To check if this was an issue with workers or aioquic’s implementation, I requested a Cloudflare owned workers site (https://silentspacemarine.com/’) with both Firefox (so that I had a truly first time negotiation of it connecting) and aioquic. They look identical, the only difference is that Workers never responds to the first stream, stream 0. Seeing as how /cgi-bin/trace has no cryptographic or protocol issues with responding to aioquic, I’m assuming this is a regression in Quiche or some other in-house software. Could anyone else try communicating with workers with aioquic and see if they get the same issue? Maybe some Cloudflare employees, as I think this is an internal issue?

Hi @Ancillary,

Thanks for the report. There seems to be something up here that needs some further investigation.

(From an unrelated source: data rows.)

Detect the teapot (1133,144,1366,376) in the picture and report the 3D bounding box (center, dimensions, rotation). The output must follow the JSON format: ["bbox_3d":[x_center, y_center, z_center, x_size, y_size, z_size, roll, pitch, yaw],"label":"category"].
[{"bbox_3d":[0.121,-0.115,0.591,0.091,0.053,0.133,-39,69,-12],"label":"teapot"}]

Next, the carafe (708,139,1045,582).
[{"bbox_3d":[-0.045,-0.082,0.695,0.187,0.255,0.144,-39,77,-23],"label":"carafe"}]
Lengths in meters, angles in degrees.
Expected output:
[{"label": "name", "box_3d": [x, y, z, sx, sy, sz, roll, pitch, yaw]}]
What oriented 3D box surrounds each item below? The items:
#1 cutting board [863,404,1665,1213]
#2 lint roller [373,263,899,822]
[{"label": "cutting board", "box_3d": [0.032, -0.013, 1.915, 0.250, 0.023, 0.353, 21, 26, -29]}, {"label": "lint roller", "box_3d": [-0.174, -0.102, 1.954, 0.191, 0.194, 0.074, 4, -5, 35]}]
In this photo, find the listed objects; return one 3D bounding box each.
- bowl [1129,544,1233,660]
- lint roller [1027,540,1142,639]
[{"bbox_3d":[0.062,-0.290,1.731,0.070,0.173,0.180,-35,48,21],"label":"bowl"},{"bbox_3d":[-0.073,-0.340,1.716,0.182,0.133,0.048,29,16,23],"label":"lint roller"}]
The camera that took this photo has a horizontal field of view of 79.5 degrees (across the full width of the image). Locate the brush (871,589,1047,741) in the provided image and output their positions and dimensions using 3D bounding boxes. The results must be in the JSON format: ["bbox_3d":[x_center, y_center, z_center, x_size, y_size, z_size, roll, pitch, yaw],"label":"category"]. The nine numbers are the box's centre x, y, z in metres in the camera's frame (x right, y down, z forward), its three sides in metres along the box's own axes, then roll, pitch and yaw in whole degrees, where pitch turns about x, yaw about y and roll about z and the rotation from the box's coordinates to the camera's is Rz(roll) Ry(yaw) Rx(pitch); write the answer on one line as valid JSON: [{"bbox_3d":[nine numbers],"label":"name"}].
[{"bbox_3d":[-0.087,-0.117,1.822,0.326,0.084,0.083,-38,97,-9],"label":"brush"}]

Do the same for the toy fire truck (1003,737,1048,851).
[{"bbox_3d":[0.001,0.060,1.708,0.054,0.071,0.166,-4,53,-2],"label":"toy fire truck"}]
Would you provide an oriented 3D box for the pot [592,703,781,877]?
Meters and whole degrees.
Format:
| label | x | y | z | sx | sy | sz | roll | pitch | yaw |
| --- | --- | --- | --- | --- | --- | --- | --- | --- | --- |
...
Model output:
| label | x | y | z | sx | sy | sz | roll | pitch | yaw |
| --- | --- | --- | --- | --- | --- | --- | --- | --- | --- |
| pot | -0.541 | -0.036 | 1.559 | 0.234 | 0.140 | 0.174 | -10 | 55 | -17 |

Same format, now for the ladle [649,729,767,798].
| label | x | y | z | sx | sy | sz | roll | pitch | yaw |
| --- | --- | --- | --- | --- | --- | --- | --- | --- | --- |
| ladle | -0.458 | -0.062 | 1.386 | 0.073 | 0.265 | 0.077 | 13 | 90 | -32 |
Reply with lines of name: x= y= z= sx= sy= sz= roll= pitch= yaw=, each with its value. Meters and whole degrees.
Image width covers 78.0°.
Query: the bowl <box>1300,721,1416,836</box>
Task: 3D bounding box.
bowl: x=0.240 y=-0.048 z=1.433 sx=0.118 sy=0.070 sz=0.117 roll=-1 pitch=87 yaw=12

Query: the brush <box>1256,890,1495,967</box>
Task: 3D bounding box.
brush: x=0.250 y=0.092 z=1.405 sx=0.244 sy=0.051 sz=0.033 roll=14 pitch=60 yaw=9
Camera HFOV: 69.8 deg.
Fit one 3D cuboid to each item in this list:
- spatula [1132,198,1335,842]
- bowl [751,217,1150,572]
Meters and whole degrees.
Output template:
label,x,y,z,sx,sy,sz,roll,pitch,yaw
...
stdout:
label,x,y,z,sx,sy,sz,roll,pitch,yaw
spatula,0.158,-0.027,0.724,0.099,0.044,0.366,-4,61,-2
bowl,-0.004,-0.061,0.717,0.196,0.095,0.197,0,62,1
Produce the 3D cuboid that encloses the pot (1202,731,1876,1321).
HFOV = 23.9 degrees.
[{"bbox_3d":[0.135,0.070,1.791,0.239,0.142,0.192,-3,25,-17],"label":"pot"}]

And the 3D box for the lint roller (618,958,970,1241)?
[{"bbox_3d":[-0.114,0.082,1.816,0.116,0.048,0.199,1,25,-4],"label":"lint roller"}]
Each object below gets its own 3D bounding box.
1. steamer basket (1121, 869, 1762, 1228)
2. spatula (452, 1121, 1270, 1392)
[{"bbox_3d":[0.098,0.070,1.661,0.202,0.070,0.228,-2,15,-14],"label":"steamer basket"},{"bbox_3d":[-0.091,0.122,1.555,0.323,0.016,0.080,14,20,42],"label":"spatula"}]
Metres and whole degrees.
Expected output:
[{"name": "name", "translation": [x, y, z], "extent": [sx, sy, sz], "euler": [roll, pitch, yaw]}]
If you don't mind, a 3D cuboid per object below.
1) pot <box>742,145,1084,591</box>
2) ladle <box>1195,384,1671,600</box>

Much appreciated! Let me know if there’s any more info I can provide.

An update on this:

We reached out to the author of aioquic. Thanks to the detailed information in the report you provided we were able to reproduce the issue and gain a deeper understanding of the problem. This is caused by a specific interaction between how the aioquic demonstration http3_client works, and how we treat it.

The outcome on the aioquic side is that the http3_client example has been updated to make it more aligned with the expectations of HTTP semantics and content (nee payload) handling. See [examples] don't sent HTTP/3 DATA if there is no request body · aiortc/[email protected] · GitHub

If you’re running your own client application, the fix should similarly apply.

2 Likes

Awesome! Thank you so much. I will update my code accordingly.

HTTP2 is still a bit faster than HTTP3 in real-world tests sadly, even for the long tail (cases with high latency, dropped packets, or sub-1Mbps speeds). HTTP2 will serve you just fine for the next 2-4 years until HTTP3 optimizes further and actually catches up… :slight_smile:

I’ve read a few studies on the subject and this is probably one of the better ones: https://arxiv.org/pdf/2102.12358.pdf. I like this study because you can use it as a guide on when HTTP3 may actually be a better choice than HTTP2.

This topic was automatically closed 3 days after the last reply. New replies are no longer allowed.